With help from the financial bubble, he presided over the greatest transfer of wealth from the middle class to the rich since 1929. The income of the richest one percent of Americans doubled, while that of the median tranche rose by 15 percent only (over eight years in constant dollars). The Wal-Mart founder's family possesses a personal fortune equal to the collective personal fortune of 120 million Americans.
Clinton doubled the prison population compared to what it had been under Reagan. Accused of being "soft on crime" during his campaign, he went to attend the execution of a mentally handicapped man, famous for having asked the guard who served him his last meal whether he could keep his yoghurt for later.
Welfare Was Supposed to Reinforce Poverty and Consequently Had to Be Subjected to Merit Criteria.
In 1996, along with the great "Welfare Reform Act," Clinton signed the death certificate for the American left. The attractive idea was: since welfare reinforces poverty, let's submit it to merit criteria.
In this politically savvy marriage of solidarity and common sense, the key word became "responsibility."
Hidden therein, however, as though it were totally insignificant, is what historian Tony Judt has described as the return of the spirit of "England's New Poor Law" of 1834.
As in Dickens's England, citizenship became conditional. So there was an outright assault on the primary idea of social justice, that is, the absolute right to dignity. When one is hungry, well then, one asks for alms.
In its wake, the unconditional right of membership in the community disappeared also. Society became a club in which one is a member "under certain conditions." The images of Hurricane Katrina would reveal the cruel meaning of that conditionality to the whole world.
On top of this "righting" of the left came submission to the capitalist schema of historical determinism. Echoing Margaret Thatcher's famous "Tina" ("There is No Alternative"), New York Times editorialist Tom Friedman explained enthusiastically that once a country puts on the "Golden Straitjacket," "its political choices get reduced to Pepsi or Coke."
It's not the "End of History" Fukuyama proclaimed, but the end of politics. The Faustian neo-liberal pact is to barter away mastery of our collective destiny for a promise of prosperity, a promise that moreover often proves illusory. In close to half the world's countries, income per person in 2000 was inferior to what it had been in 1990.
That denial is enabled by an unstated premise: democracy. Because Clinton was democratically elected, the pact to barter away our destiny is presumed to be 'our' pact, rather than the extortion exerted by the finance sector. It assumes, in other words, that there was some kind of collective decision to pursue greed, that collectively people thought that greed is good. But this only makes sense if the case for continuation and even extension of the collective provisions of the welfare state was made. If the left failed to make this case, then it certainly failed (and I think it did--as I argue in Democracy and Other Neoliberal Fantasies--which will appear in September from Duke).
But that is not the end of politics. It is a defeat.
The response to the end of politics is to turn to culture, playful stagings of resistance (submission), anarchic jabs at power (hysterical foolishness), service and volunteerism (as opposed to organizing), and signing online petitions.

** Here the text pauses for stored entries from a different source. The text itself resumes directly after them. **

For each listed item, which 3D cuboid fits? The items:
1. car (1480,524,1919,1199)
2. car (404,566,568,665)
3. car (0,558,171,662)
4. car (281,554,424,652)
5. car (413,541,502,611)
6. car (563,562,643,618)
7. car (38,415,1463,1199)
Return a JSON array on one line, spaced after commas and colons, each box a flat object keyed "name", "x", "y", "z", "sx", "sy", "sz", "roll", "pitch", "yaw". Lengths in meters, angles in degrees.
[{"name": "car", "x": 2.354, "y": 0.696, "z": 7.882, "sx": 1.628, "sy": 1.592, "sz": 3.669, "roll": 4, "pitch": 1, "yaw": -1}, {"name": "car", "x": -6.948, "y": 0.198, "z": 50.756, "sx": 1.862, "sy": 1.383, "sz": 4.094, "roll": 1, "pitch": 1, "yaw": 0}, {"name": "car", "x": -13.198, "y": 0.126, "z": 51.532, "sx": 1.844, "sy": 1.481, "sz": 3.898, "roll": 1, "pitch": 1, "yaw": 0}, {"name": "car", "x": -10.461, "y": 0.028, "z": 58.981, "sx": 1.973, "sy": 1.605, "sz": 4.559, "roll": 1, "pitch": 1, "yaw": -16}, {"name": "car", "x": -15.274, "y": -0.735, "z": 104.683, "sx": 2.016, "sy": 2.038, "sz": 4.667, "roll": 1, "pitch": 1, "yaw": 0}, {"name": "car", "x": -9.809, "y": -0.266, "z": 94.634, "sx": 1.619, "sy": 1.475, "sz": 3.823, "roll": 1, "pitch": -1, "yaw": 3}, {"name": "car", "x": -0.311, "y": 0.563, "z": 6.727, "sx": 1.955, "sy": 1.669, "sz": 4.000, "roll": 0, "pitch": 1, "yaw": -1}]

The response to a defeat is to regroup, rethink, and fight back.
"That denial is enabled by an unstated premise: democracy. Because Clinton was democratically elected, the pact to barter away our destiny is presumed to be 'our' pact, rather than the extortion exerted by the finance sector. It assumes, in other words, that there was some kind of collective decision to pursue greed, that collectively people thought that greed is good. But this only makes sense if the case for continuation and even extension of the collective provisions of the welfare state was made. If the left failed to make this case, then it certainly failed (and I think it did--as I argue in Democracy and Other Neoliberal Fantasies--which will appear in September from Duke)."
I think you're right, in the main, except where you accept that Clinton was elected democratically. That is, I agree that the idea that he was leads to your other points, but that in fact he was not, not because of fraud, but because the electoral system is not democratic. So, though various cases against welfare reform were made, however ineffectively, they didn't matter.